My view is that the debate about sales has begun to resemble one in which economists look for their house keys under the street lamp because that’s where the light is—while their homes are being foreclosed by the banks.  And in this version of the story, the RIAA and IFPI are in the business of pretending that the main problem is lost keys.

So, per Smith and Telang, it is true that most ‘substitution studies’ find that piracy substitutes for some portion of legitimate sales.  But I’m very skeptical that these studies tell us much of anything about the larger ecology of cultural consumption of which music is a part.  The problem, for recorded music sales, is not just that they ‘compete’ with piracy, but also with the vast array of other discretionary expenditures, forms of leisure, and alternative forms of legal music consumption that have emerged in the past decade.  So the goal isn’t to model the record label fantasy of a world without Napster (and its successors), but also a world with a boom in DVD sales, video game sales, and concert revenues that compete for discretionary income.

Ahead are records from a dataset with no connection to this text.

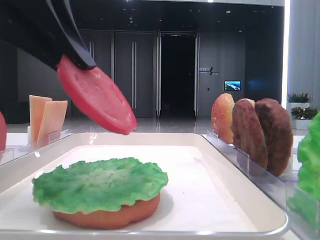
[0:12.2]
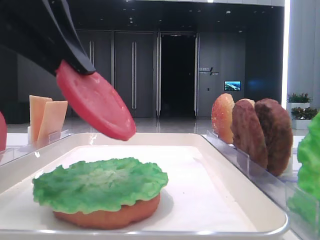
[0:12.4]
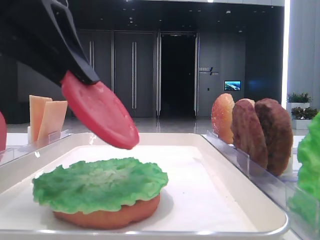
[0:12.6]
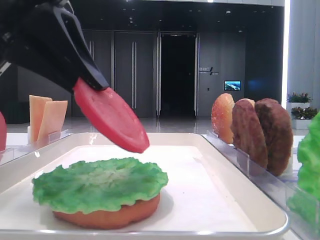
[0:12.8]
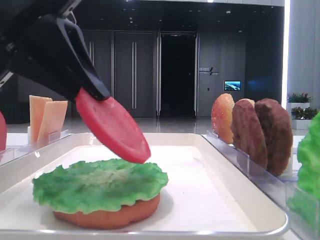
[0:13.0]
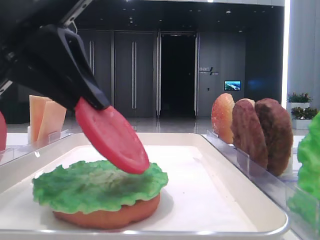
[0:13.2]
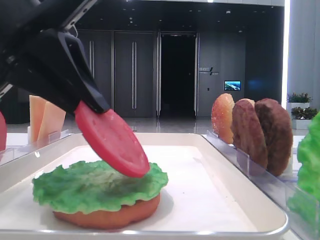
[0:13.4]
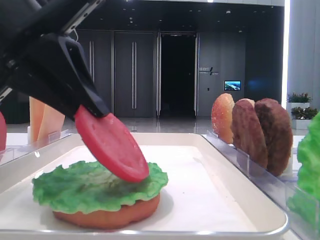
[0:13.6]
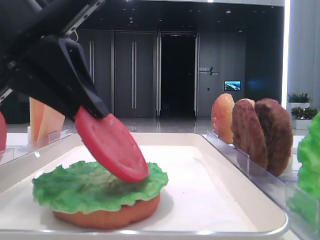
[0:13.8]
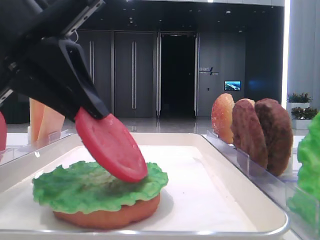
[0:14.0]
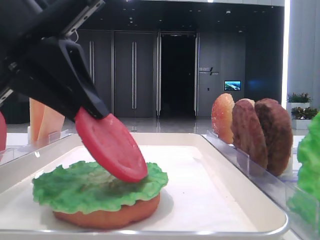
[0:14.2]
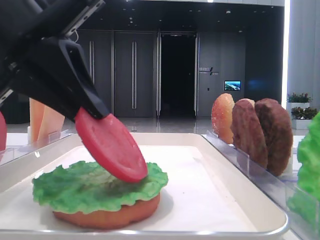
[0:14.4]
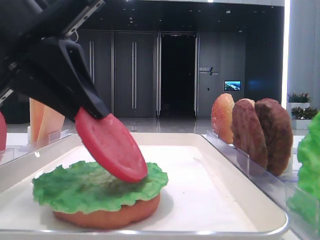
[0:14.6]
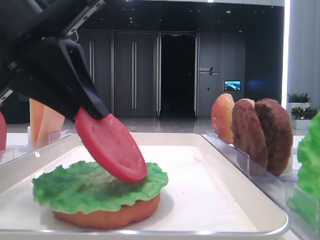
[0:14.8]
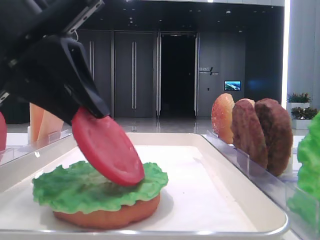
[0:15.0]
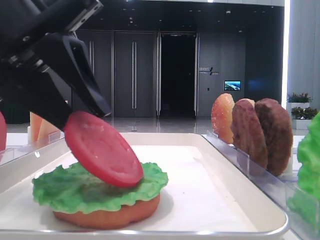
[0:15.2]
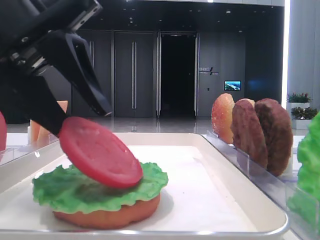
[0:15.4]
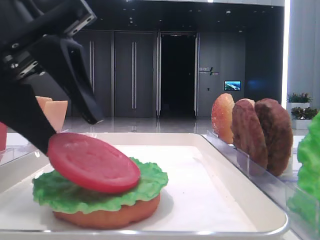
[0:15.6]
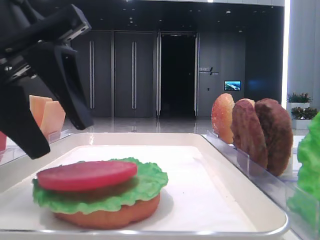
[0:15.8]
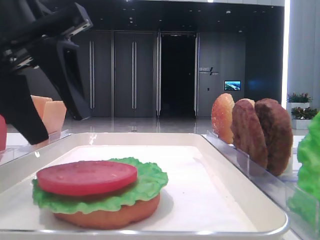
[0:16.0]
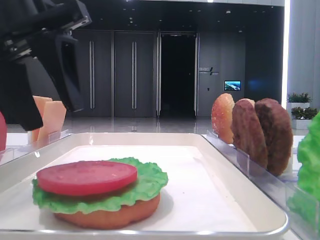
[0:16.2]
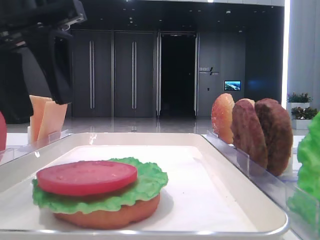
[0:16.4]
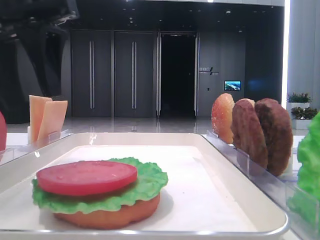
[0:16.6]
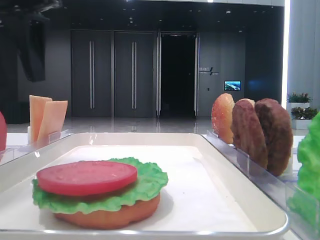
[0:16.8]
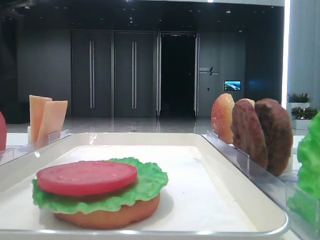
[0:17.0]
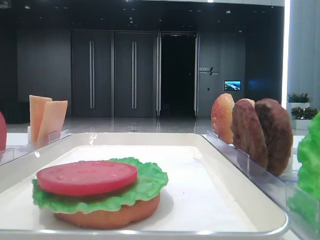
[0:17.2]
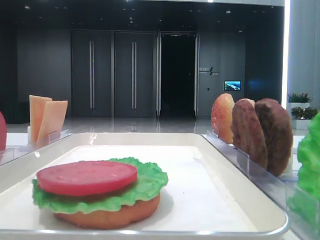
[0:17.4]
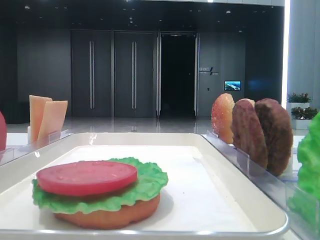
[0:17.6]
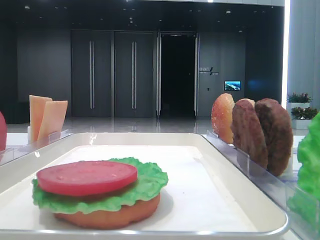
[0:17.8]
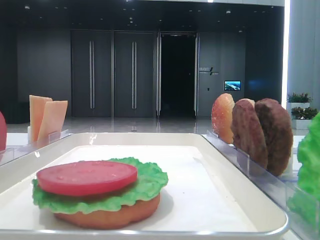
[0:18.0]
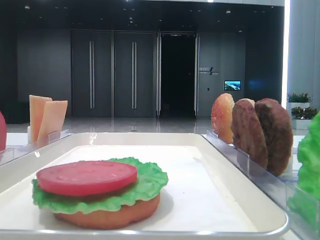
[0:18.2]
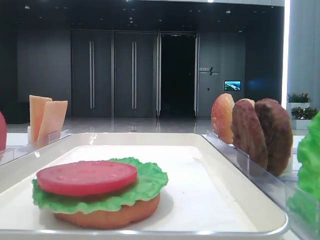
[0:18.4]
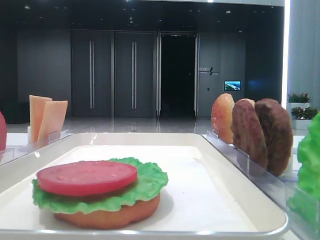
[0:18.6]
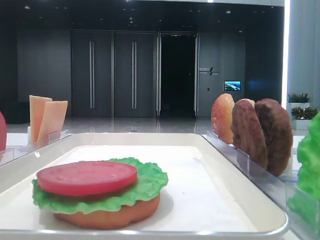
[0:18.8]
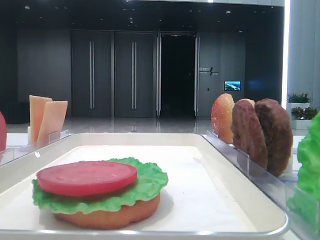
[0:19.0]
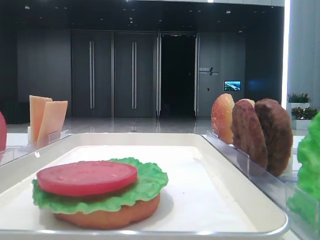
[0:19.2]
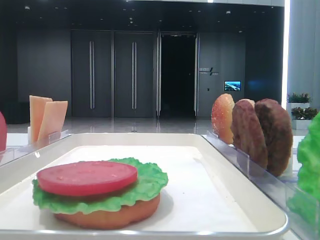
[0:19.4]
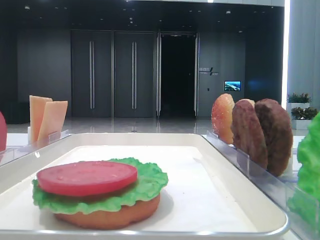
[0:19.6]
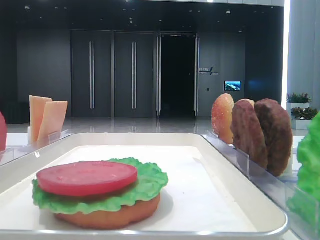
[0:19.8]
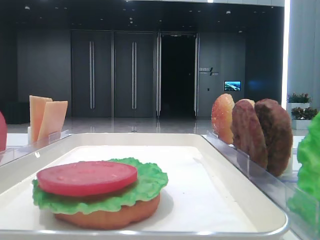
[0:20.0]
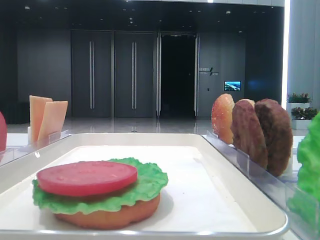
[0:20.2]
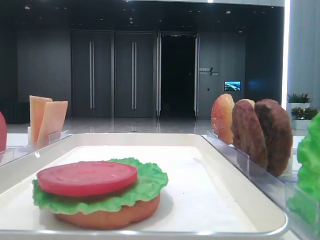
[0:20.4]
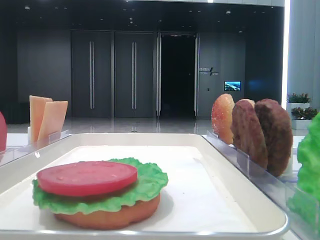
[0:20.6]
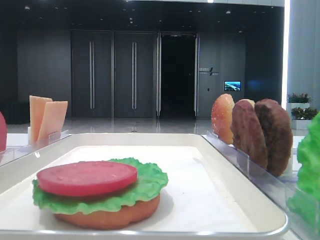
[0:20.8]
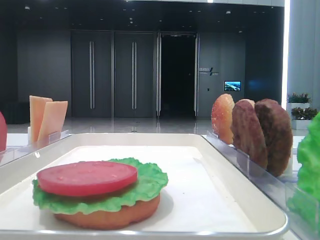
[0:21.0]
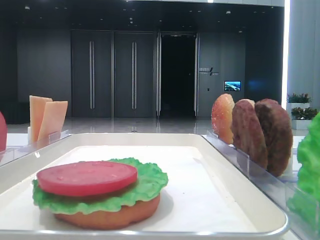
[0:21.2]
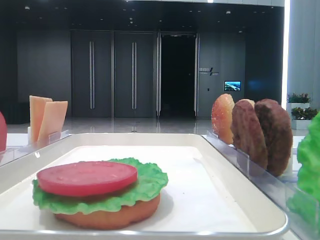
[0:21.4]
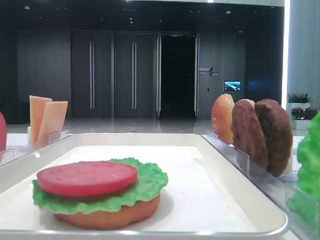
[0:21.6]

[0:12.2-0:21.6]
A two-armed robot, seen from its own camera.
Step, 0:12.2 to 0:15.6: Place the tomato slice on the lettuce leaf with the left hand.
0:12.2 to 0:13.8: The grippers make only small movements.
0:13.8 to 0:15.4: The left gripper opens its fingers.
0:15.4 to 0:17.0: The left gripper shifts some 10 cm upward, to the left and forward.
0:17.0 to 0:18.4: The left gripper shifts roughly 10 cm to the left.

A world in which the $15 album is has been replaced as the main unit of sale by the $1 song.  A world with the emergence of many adequate legal substitutes for buying songs, such as music streaming via YouTube or Pandora or industry-approved solutions like Spotify.  A world in which leisure time is routed through Facebook or Twitter–and in which those forms of community are built in part around the sharing of media. A world in which vastly increased access to old music and TV undercuts the value of the new.  A world with erratic enforcement practices.  And–finally–a world in which median incomes have stagnated while other media costs, such as cable TV, Internet access and phone data plans, have risen.   (On this last subject, Will Page is doing some pioneering and—so far—lonely work that puts substitution in its proper wider economic context.)

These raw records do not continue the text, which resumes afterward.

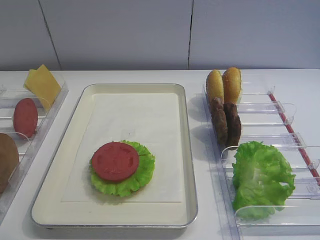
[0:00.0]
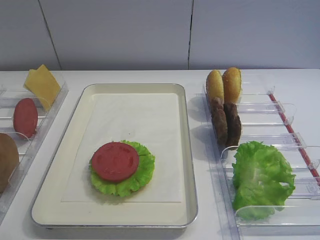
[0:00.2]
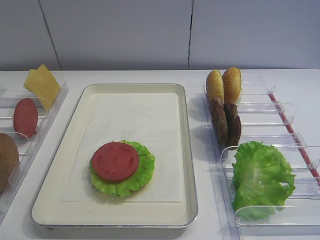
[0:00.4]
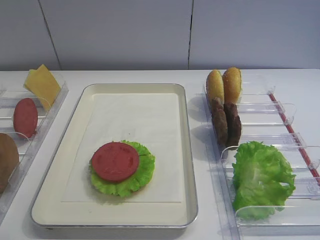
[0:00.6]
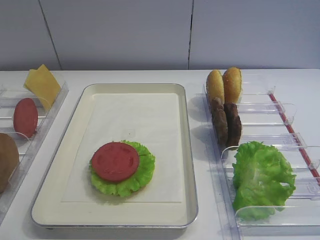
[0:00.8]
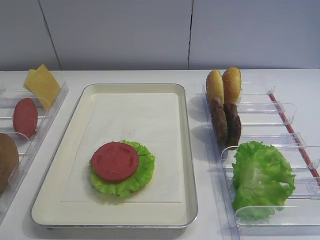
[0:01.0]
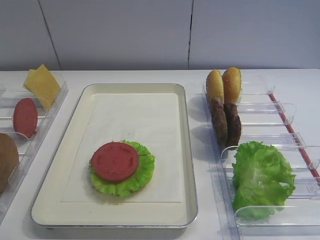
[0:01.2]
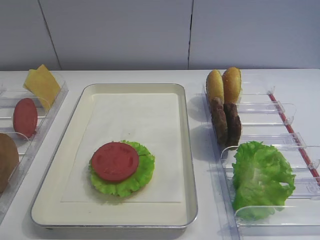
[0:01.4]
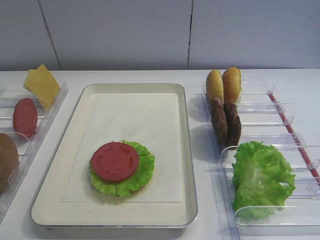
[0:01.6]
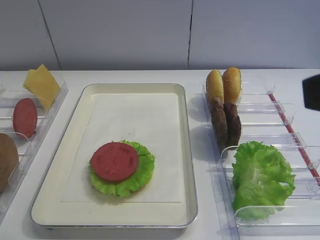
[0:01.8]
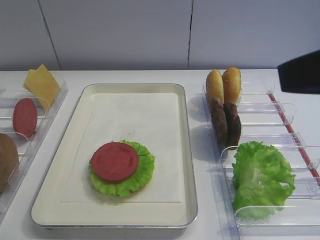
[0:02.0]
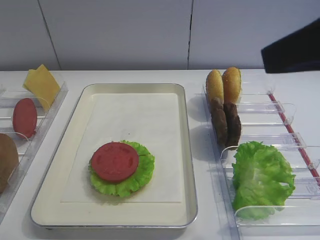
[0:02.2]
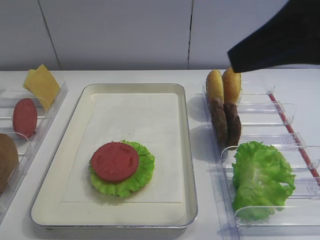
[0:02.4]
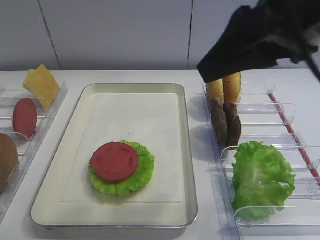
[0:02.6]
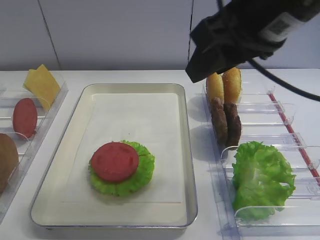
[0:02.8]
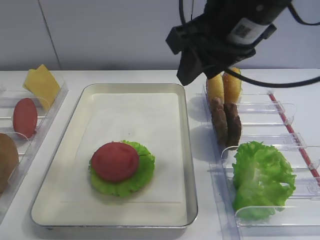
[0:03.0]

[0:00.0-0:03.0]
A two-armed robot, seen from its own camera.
0:01.6 to 0:03.0: The right gripper travels forward and to the left by about 25 cm.

Content industry groups used to argue that a pirated song was directly equivalent to a lost sale.  This ran counter to common sense so researchers began to develop substitution studies that tested that assumption.  Results varied.  For music, they said: maybe the acquisition of a pirated song displaces 6% of a sale, or 20%, or 30%.   A few said sampling or discovery effects outweighed substitution effects.  It took a while for this perspective to penetrate the industry groups.  But over the last few years, they’ve made peace with substitution studies because (1) they’ve been pushed to engage with credible research and (2) at least those studies keep the focus on piracy vs. sales.

But the wider cultural ecology is very different than a decade ago, and the forms of competition for music purchases are more numerous and compelling.  Piracy is part of this but only a part—and so far, in my view, impossible to isolate.  Our data suggests that the issue isn’t whether someone will stop buying music altogether but whether, in this competition for time, attention, and resources, the practice of purchasing recorded music can command the same share.  If we follow the industry in taking peak CD sales as the benchmark, the answer is no.